(ASSIGNMENT): Would you please write out each of the entries below exactly, omitting pictures?
# # # #
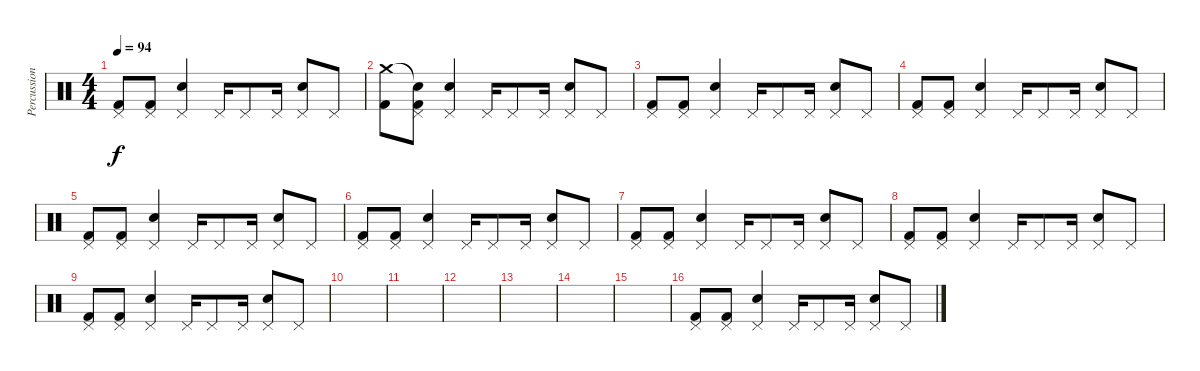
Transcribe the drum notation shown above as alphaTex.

\track ("Percussions" "Percussion") {instrument percussion}
\staff {score}
\articulation defaults
\ts (4 4)
\tempo 94
\clef neutral
\ks c
("Pedal Hi-Hat (hit)" "Kick (hit) 2").8{dy f} ("Pedal Hi-Hat (hit)" "Kick (hit) 2").8 ("Pedal Hi-Hat (hit)" "Electric Snare (hit)").4 "Pedal Hi-Hat (hit)".16 "Pedal Hi-Hat (hit)".8 "Pedal Hi-Hat (hit)".16 ("Pedal Hi-Hat (hit)" "Electric Snare (hit)").8 "Pedal Hi-Hat (hit)".8 |
("Crash medium (hit)" "Kick (hit) 2").8 ("Snare (hit)"{t} "Pedal Hi-Hat (hit)" "Kick (hit) 2").8 ("Pedal Hi-Hat (hit)" "Electric Snare (hit)").4 "Pedal Hi-Hat (hit)".16 "Pedal Hi-Hat (hit)".8 "Pedal Hi-Hat (hit)".16 ("Pedal Hi-Hat (hit)" "Electric Snare (hit)").8 "Pedal Hi-Hat (hit)".8 |
("Pedal Hi-Hat (hit)" "Kick (hit) 2").8 ("Pedal Hi-Hat (hit)" "Kick (hit) 2").8 ("Pedal Hi-Hat (hit)" "Electric Snare (hit)").4 "Pedal Hi-Hat (hit)".16 "Pedal Hi-Hat (hit)".8 "Pedal Hi-Hat (hit)".16 ("Pedal Hi-Hat (hit)" "Electric Snare (hit)").8 "Pedal Hi-Hat (hit)".8 |
("Pedal Hi-Hat (hit)" "Kick (hit) 2").8 ("Pedal Hi-Hat (hit)" "Kick (hit) 2").8 ("Pedal Hi-Hat (hit)" "Electric Snare (hit)").4 "Pedal Hi-Hat (hit)".16 "Pedal Hi-Hat (hit)".8 "Pedal Hi-Hat (hit)".16 ("Pedal Hi-Hat (hit)" "Electric Snare (hit)").8 "Pedal Hi-Hat (hit)".8 |
("Pedal Hi-Hat (hit)" "Kick (hit) 2").8 ("Pedal Hi-Hat (hit)" "Kick (hit) 2").8 ("Pedal Hi-Hat (hit)" "Electric Snare (hit)").4 "Pedal Hi-Hat (hit)".16 "Pedal Hi-Hat (hit)".8 "Pedal Hi-Hat (hit)".16 ("Pedal Hi-Hat (hit)" "Electric Snare (hit)").8 "Pedal Hi-Hat (hit)".8 |
("Pedal Hi-Hat (hit)" "Kick (hit) 2").8 ("Pedal Hi-Hat (hit)" "Kick (hit) 2").8 ("Pedal Hi-Hat (hit)" "Electric Snare (hit)").4 "Pedal Hi-Hat (hit)".16 "Pedal Hi-Hat (hit)".8 "Pedal Hi-Hat (hit)".16 ("Pedal Hi-Hat (hit)" "Electric Snare (hit)").8 "Pedal Hi-Hat (hit)".8 |
("Pedal Hi-Hat (hit)" "Kick (hit) 2").8 ("Pedal Hi-Hat (hit)" "Kick (hit) 2").8 ("Pedal Hi-Hat (hit)" "Electric Snare (hit)").4 "Pedal Hi-Hat (hit)".16 "Pedal Hi-Hat (hit)".8 "Pedal Hi-Hat (hit)".16 ("Pedal Hi-Hat (hit)" "Electric Snare (hit)").8 "Pedal Hi-Hat (hit)".8 |
("Pedal Hi-Hat (hit)" "Kick (hit) 2").8 ("Pedal Hi-Hat (hit)" "Kick (hit) 2").8 ("Pedal Hi-Hat (hit)" "Electric Snare (hit)").4 "Pedal Hi-Hat (hit)".16 "Pedal Hi-Hat (hit)".8 "Pedal Hi-Hat (hit)".16 ("Pedal Hi-Hat (hit)" "Electric Snare (hit)").8 "Pedal Hi-Hat (hit)".8 |
("Pedal Hi-Hat (hit)" "Kick (hit) 2").8 ("Pedal Hi-Hat (hit)" "Kick (hit) 2").8 ("Pedal Hi-Hat (hit)" "Electric Snare (hit)").4 "Pedal Hi-Hat (hit)".16 "Pedal Hi-Hat (hit)".8 "Pedal Hi-Hat (hit)".16 ("Pedal Hi-Hat (hit)" "Electric Snare (hit)").8 "Pedal Hi-Hat (hit)".8 |
|
|
|
|
|
|
("Pedal Hi-Hat (hit)" "Kick (hit) 2").8 ("Pedal Hi-Hat (hit)" "Kick (hit) 2").8 ("Pedal Hi-Hat (hit)" "Electric Snare (hit)").4 "Pedal Hi-Hat (hit)".16 "Pedal Hi-Hat (hit)".8 "Pedal Hi-Hat (hit)".16 ("Pedal Hi-Hat (hit)" "Electric Snare (hit)").8 "Pedal Hi-Hat (hit)".8
# # # #
(WRITTEN ANSWER):
Transcribe the drum notation shown above as alphaTex.

\track ("Percussions" "Percussion") {instrument percussion}
\staff {score}
\articulation defaults
\ts (4 4)
\tempo 94
\clef neutral
\ks c
("Pedal Hi-Hat (hit)" "Kick (hit) 2").8{dy f} ("Pedal Hi-Hat (hit)" "Kick (hit) 2").8 ("Pedal Hi-Hat (hit)" "Electric Snare (hit)").4 "Pedal Hi-Hat (hit)".16 "Pedal Hi-Hat (hit)".8 "Pedal Hi-Hat (hit)".16 ("Pedal Hi-Hat (hit)" "Electric Snare (hit)").8 "Pedal Hi-Hat (hit)".8 |
("Crash medium (hit)" "Kick (hit) 2").8 ("Snare (hit)"{t} "Pedal Hi-Hat (hit)" "Kick (hit) 2").8 ("Pedal Hi-Hat (hit)" "Electric Snare (hit)").4 "Pedal Hi-Hat (hit)".16 "Pedal Hi-Hat (hit)".8 "Pedal Hi-Hat (hit)".16 ("Pedal Hi-Hat (hit)" "Electric Snare (hit)").8 "Pedal Hi-Hat (hit)".8 |
("Pedal Hi-Hat (hit)" "Kick (hit) 2").8 ("Pedal Hi-Hat (hit)" "Kick (hit) 2").8 ("Pedal Hi-Hat (hit)" "Electric Snare (hit)").4 "Pedal Hi-Hat (hit)".16 "Pedal Hi-Hat (hit)".8 "Pedal Hi-Hat (hit)".16 ("Pedal Hi-Hat (hit)" "Electric Snare (hit)").8 "Pedal Hi-Hat (hit)".8 |
("Pedal Hi-Hat (hit)" "Kick (hit) 2").8 ("Pedal Hi-Hat (hit)" "Kick (hit) 2").8 ("Pedal Hi-Hat (hit)" "Electric Snare (hit)").4 "Pedal Hi-Hat (hit)".16 "Pedal Hi-Hat (hit)".8 "Pedal Hi-Hat (hit)".16 ("Pedal Hi-Hat (hit)" "Electric Snare (hit)").8 "Pedal Hi-Hat (hit)".8 |
("Pedal Hi-Hat (hit)" "Kick (hit) 2").8 ("Pedal Hi-Hat (hit)" "Kick (hit) 2").8 ("Pedal Hi-Hat (hit)" "Electric Snare (hit)").4 "Pedal Hi-Hat (hit)".16 "Pedal Hi-Hat (hit)".8 "Pedal Hi-Hat (hit)".16 ("Pedal Hi-Hat (hit)" "Electric Snare (hit)").8 "Pedal Hi-Hat (hit)".8 |
("Pedal Hi-Hat (hit)" "Kick (hit) 2").8 ("Pedal Hi-Hat (hit)" "Kick (hit) 2").8 ("Pedal Hi-Hat (hit)" "Electric Snare (hit)").4 "Pedal Hi-Hat (hit)".16 "Pedal Hi-Hat (hit)".8 "Pedal Hi-Hat (hit)".16 ("Pedal Hi-Hat (hit)" "Electric Snare (hit)").8 "Pedal Hi-Hat (hit)".8 |
("Pedal Hi-Hat (hit)" "Kick (hit) 2").8 ("Pedal Hi-Hat (hit)" "Kick (hit) 2").8 ("Pedal Hi-Hat (hit)" "Electric Snare (hit)").4 "Pedal Hi-Hat (hit)".16 "Pedal Hi-Hat (hit)".8 "Pedal Hi-Hat (hit)".16 ("Pedal Hi-Hat (hit)" "Electric Snare (hit)").8 "Pedal Hi-Hat (hit)".8 |
("Pedal Hi-Hat (hit)" "Kick (hit) 2").8 ("Pedal Hi-Hat (hit)" "Kick (hit) 2").8 ("Pedal Hi-Hat (hit)" "Electric Snare (hit)").4 "Pedal Hi-Hat (hit)".16 "Pedal Hi-Hat (hit)".8 "Pedal Hi-Hat (hit)".16 ("Pedal Hi-Hat (hit)" "Electric Snare (hit)").8 "Pedal Hi-Hat (hit)".8 |
("Pedal Hi-Hat (hit)" "Kick (hit) 2").8 ("Pedal Hi-Hat (hit)" "Kick (hit) 2").8 ("Pedal Hi-Hat (hit)" "Electric Snare (hit)").4 "Pedal Hi-Hat (hit)".16 "Pedal Hi-Hat (hit)".8 "Pedal Hi-Hat (hit)".16 ("Pedal Hi-Hat (hit)" "Electric Snare (hit)").8 "Pedal Hi-Hat (hit)".8 |
|
|
|
|
|
|
("Pedal Hi-Hat (hit)" "Kick (hit) 2").8 ("Pedal Hi-Hat (hit)" "Kick (hit) 2").8 ("Pedal Hi-Hat (hit)" "Electric Snare (hit)").4 "Pedal Hi-Hat (hit)".16 "Pedal Hi-Hat (hit)".8 "Pedal Hi-Hat (hit)".16 ("Pedal Hi-Hat (hit)" "Electric Snare (hit)").8 "Pedal Hi-Hat (hit)".8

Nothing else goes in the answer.